_TASK STATEMENT_:
Copy out, from the entries below, each line holding the string "Floor".

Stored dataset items
·····

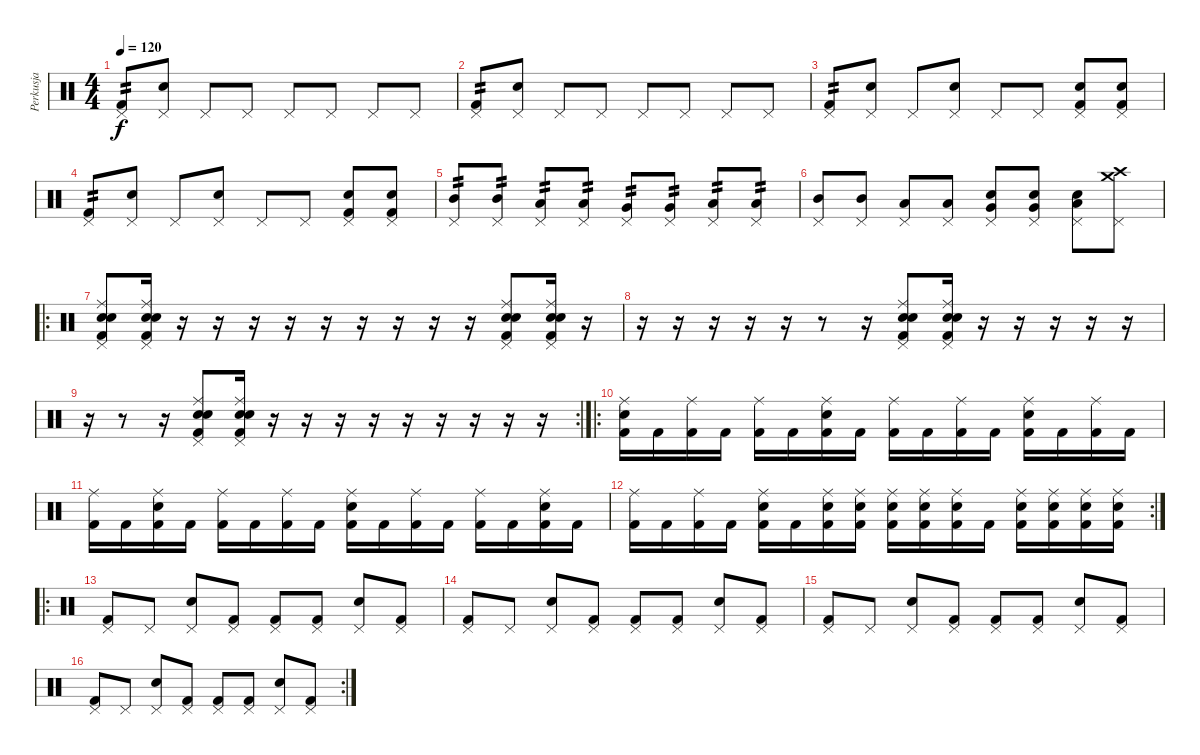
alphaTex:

\track ("Perkusja" "Perkusja") {instrument percussion}
\staff {score}
\articulation defaults
\ts (4 4)
\tempo 120
\clef neutral
\ks c
("Pedal Hi-Hat (hit)" "Kick (hit) 2").8{tp 2 dy f} ("Pedal Hi-Hat (hit)" "Electric Snare (hit)").8 "Pedal Hi-Hat (hit)".8 "Pedal Hi-Hat (hit)".8 "Pedal Hi-Hat (hit)".8 "Pedal Hi-Hat (hit)".8 "Pedal Hi-Hat (hit)".8 "Pedal Hi-Hat (hit)".8 |
("Pedal Hi-Hat (hit)" "Kick (hit) 2").8{tp 2} ("Pedal Hi-Hat (hit)" "Electric Snare (hit)").8 "Pedal Hi-Hat (hit)".8 "Pedal Hi-Hat (hit)".8 "Pedal Hi-Hat (hit)".8 "Pedal Hi-Hat (hit)".8 "Pedal Hi-Hat (hit)".8 "Pedal Hi-Hat (hit)".8 |
("Pedal Hi-Hat (hit)" "Kick (hit) 2").8{tp 2} ("Pedal Hi-Hat (hit)" "Electric Snare (hit)").8 "Pedal Hi-Hat (hit)".8 ("Pedal Hi-Hat (hit)" "Snare (hit) 2").8 "Pedal Hi-Hat (hit)".8 "Pedal Hi-Hat (hit)".8 ("Pedal Hi-Hat (hit)" "Kick (hit) 2" "Snare (hit) 2").8 ("Pedal Hi-Hat (hit)" "Kick (hit) 2" "Snare (hit) 2").8 |
("Pedal Hi-Hat (hit)" "Kick (hit) 2").8{tp 2} ("Pedal Hi-Hat (hit)" "Electric Snare (hit)").8 "Pedal Hi-Hat (hit)".8 ("Pedal Hi-Hat (hit)" "Snare (hit) 2").8 "Pedal Hi-Hat (hit)".8 "Pedal Hi-Hat (hit)".8 ("Pedal Hi-Hat (hit)" "Kick (hit) 2" "Snare (hit) 2").8 ("Pedal Hi-Hat (hit)" "Kick (hit) 2" "Snare (hit) 2").8 |
("Pedal Hi-Hat (hit)" "Mid Tom (hit)").8{tp 2} ("Pedal Hi-Hat (hit)" "Mid Tom (hit)").8{tp 2} ("Pedal Hi-Hat (hit)" "Low Tom (hit)").8{tp 2} ("Pedal Hi-Hat (hit)" "Low Tom (hit)").8{tp 2} ("Pedal Hi-Hat (hit)" "Very Low Tom (hit)").8{tp 2} ("Pedal Hi-Hat (hit)" "Very Low Tom (hit)").8{tp 2} ("Pedal Hi-Hat (hit)" "Low Floor Tom (hit)").8{tp 2} ("Pedal Hi-Hat (hit)" "Low Floor Tom (hit)").8{tp 2} |
("Pedal Hi-Hat (hit)" "Mid Tom (hit)").8 ("Pedal Hi-Hat (hit)" "Mid Tom (hit)").8 ("Pedal Hi-Hat (hit)" "Low Tom (hit)").8 ("Pedal Hi-Hat (hit)" "Low Tom (hit)").8 ("Pedal Hi-Hat (hit)" "Very Low Tom (hit)" "Snare (hit) 2").8 ("Pedal Hi-Hat (hit)" "Very Low Tom (hit)" "Snare (hit) 2").8 ("Pedal Hi-Hat (hit)" "Low Floor Tom (hit)" "Snare (hit) 2").8 ("Pedal Hi-Hat (hit)" "Crash high (hit)" "Crash medium (hit)").8 |
\ro
("Electric Snare (hit)" "Ride (middle)" "Snare (hit) 2" "Kick (hit) 2" "Pedal Hi-Hat (hit)").8 ("Electric Snare (hit)" "Ride (middle)" "Snare (hit) 2" "Kick (hit) 2" "Pedal Hi-Hat (hit)").16 r.16 r.16 r.16 r.16 r.16 r.16 r.16 r.16 r.16 ("Electric Snare (hit)" "Ride (middle)" "Snare (hit) 2" "Kick (hit) 2" "Pedal Hi-Hat (hit)").8 ("Electric Snare (hit)" "Ride (middle)" "Snare (hit) 2" "Kick (hit) 2" "Pedal Hi-Hat (hit)").16 r.16 |
r.16 r.16 r.16 r.16 r.16 r.8 r.16 ("Electric Snare (hit)" "Ride (middle)" "Snare (hit) 2" "Kick (hit) 2" "Pedal Hi-Hat (hit)").8 ("Electric Snare (hit)" "Ride (middle)" "Snare (hit) 2" "Kick (hit) 2" "Pedal Hi-Hat (hit)").16 r.16 r.16 r.16 r.16 r.16 |
\rc 2
r.16 r.8 r.16 ("Electric Snare (hit)" "Ride (middle)" "Snare (hit) 2" "Kick (hit) 2" "Pedal Hi-Hat (hit)").8 ("Electric Snare (hit)" "Ride (middle)" "Snare (hit) 2" "Kick (hit) 2" "Pedal Hi-Hat (hit)").16 r.16 r.16 r.16 r.16 r.16 r.16 r.16 r.16 r.16 |
\ro
("Ride (middle)" "Snare (hit) 2" "Kick (hit) 2").16 "Kick (hit) 2".16 ("Ride (middle)" "Kick (hit) 2").16 "Kick (hit) 2".16 ("Ride (middle)" "Kick (hit) 2").16 "Kick (hit) 2".16 ("Ride (middle)" "Snare (hit) 2" "Kick (hit) 2").16 "Kick (hit) 2".16 ("Ride (middle)" "Kick (hit) 2").16 "Kick (hit) 2".16 ("Ride (middle)" "Kick (hit) 2").16 "Kick (hit) 2".16 ("Ride (middle)" "Snare (hit) 2" "Kick (hit) 2").16 "Kick (hit) 2".16 ("Ride (middle)" "Kick (hit) 2").16 "Kick (hit) 2".16 |
("Ride (middle)" "Kick (hit) 2").16 "Kick (hit) 2".16 ("Ride (middle)" "Snare (hit) 2" "Kick (hit) 2").16 "Kick (hit) 2".16 ("Ride (middle)" "Kick (hit) 2").16 "Kick (hit) 2".16 ("Ride (middle)" "Kick (hit) 2").16 "Kick (hit) 2".16 ("Ride (middle)" "Snare (hit) 2" "Kick (hit) 2").16 "Kick (hit) 2".16 ("Ride (middle)" "Kick (hit) 2").16 "Kick (hit) 2".16 ("Ride (middle)" "Kick (hit) 2").16 "Kick (hit) 2".16 ("Ride (middle)" "Snare (hit) 2" "Kick (hit) 2").16 "Kick (hit) 2".16 |
\rc 2
("Ride (middle)" "Kick (hit) 2").16 "Kick (hit) 2".16 ("Ride (middle)" "Kick (hit) 2").16 "Kick (hit) 2".16 ("Ride (middle)" "Snare (hit) 2" "Kick (hit) 2").16 "Kick (hit) 2".16 ("Ride (middle)" "Snare (hit) 2" "Kick (hit) 2").16 ("Ride (middle)" "Snare (hit) 2" "Kick (hit) 2").16 ("Ride (middle)" "Snare (hit) 2" "Kick (hit) 2").16 ("Ride (middle)" "Snare (hit) 2" "Kick (hit) 2").16 ("Ride (middle)" "Snare (hit) 2" "Kick (hit) 2").16 "Kick (hit) 2".16 ("Ride (middle)" "Snare (hit) 2" "Kick (hit) 2").16 ("Ride (middle)" "Snare (hit) 2" "Kick (hit) 2").16 ("Ride (middle)" "Snare (hit) 2" "Kick (hit) 2").16 ("Ride (middle)" "Snare (hit) 2" "Kick (hit) 2").16 |
\ro
("Pedal Hi-Hat (hit)" "Kick (hit) 2").8 "Pedal Hi-Hat (hit)".8 ("Pedal Hi-Hat (hit)" "Snare (hit) 2").8 ("Pedal Hi-Hat (hit)" "Kick (hit) 2").8 ("Pedal Hi-Hat (hit)" "Kick (hit) 2").8 ("Pedal Hi-Hat (hit)" "Kick (hit) 2").8 ("Pedal Hi-Hat (hit)" "Snare (hit) 2").8 ("Pedal Hi-Hat (hit)" "Kick (hit) 2").8 |
("Pedal Hi-Hat (hit)" "Kick (hit) 2").8 "Pedal Hi-Hat (hit)".8 ("Pedal Hi-Hat (hit)" "Snare (hit) 2").8 ("Pedal Hi-Hat (hit)" "Kick (hit) 2").8 ("Pedal Hi-Hat (hit)" "Kick (hit) 2").8 ("Pedal Hi-Hat (hit)" "Kick (hit) 2").8 ("Pedal Hi-Hat (hit)" "Snare (hit) 2").8 ("Pedal Hi-Hat (hit)" "Kick (hit) 2").8 |
("Pedal Hi-Hat (hit)" "Kick (hit) 2").8 "Pedal Hi-Hat (hit)".8 ("Pedal Hi-Hat (hit)" "Snare (hit) 2").8 ("Pedal Hi-Hat (hit)" "Kick (hit) 2").8 ("Pedal Hi-Hat (hit)" "Kick (hit) 2").8 ("Pedal Hi-Hat (hit)" "Kick (hit) 2").8 ("Pedal Hi-Hat (hit)" "Snare (hit) 2").8 ("Pedal Hi-Hat (hit)" "Kick (hit) 2").8 |
\rc 2
("Pedal Hi-Hat (hit)" "Kick (hit) 2").8 "Pedal Hi-Hat (hit)".8 ("Pedal Hi-Hat (hit)" "Snare (hit) 2").8 ("Pedal Hi-Hat (hit)" "Kick (hit) 2").8 ("Pedal Hi-Hat (hit)" "Kick (hit) 2").8 ("Pedal Hi-Hat (hit)" "Kick (hit) 2").8 ("Pedal Hi-Hat (hit)" "Snare (hit) 2").8 ("Pedal Hi-Hat (hit)" "Kick (hit) 2").8

·····

_WRITTEN SOLUTION_:
("Pedal Hi-Hat (hit)" "Mid Tom (hit)").8{tp 2} ("Pedal Hi-Hat (hit)" "Mid Tom (hit)").8{tp 2} ("Pedal Hi-Hat (hit)" "Low Tom (hit)").8{tp 2} ("Pedal Hi-Hat (hit)" "Low Tom (hit)").8{tp 2} ("Pedal Hi-Hat (hit)" "Very Low Tom (hit)").8{tp 2} ("Pedal Hi-Hat (hit)" "Very Low Tom (hit)").8{tp 2} ("Pedal Hi-Hat (hit)" "Low Floor Tom (hit)").8{tp 2} ("Pedal Hi-Hat (hit)" "Low Floor Tom (hit)").8{tp 2} |
("Pedal Hi-Hat (hit)" "Mid Tom (hit)").8 ("Pedal Hi-Hat (hit)" "Mid Tom (hit)").8 ("Pedal Hi-Hat (hit)" "Low Tom (hit)").8 ("Pedal Hi-Hat (hit)" "Low Tom (hit)").8 ("Pedal Hi-Hat (hit)" "Very Low Tom (hit)" "Snare (hit) 2").8 ("Pedal Hi-Hat (hit)" "Very Low Tom (hit)" "Snare (hit) 2").8 ("Pedal Hi-Hat (hit)" "Low Floor Tom (hit)" "Snare (hit) 2").8 ("Pedal Hi-Hat (hit)" "Crash high (hit)" "Crash medium (hit)").8 |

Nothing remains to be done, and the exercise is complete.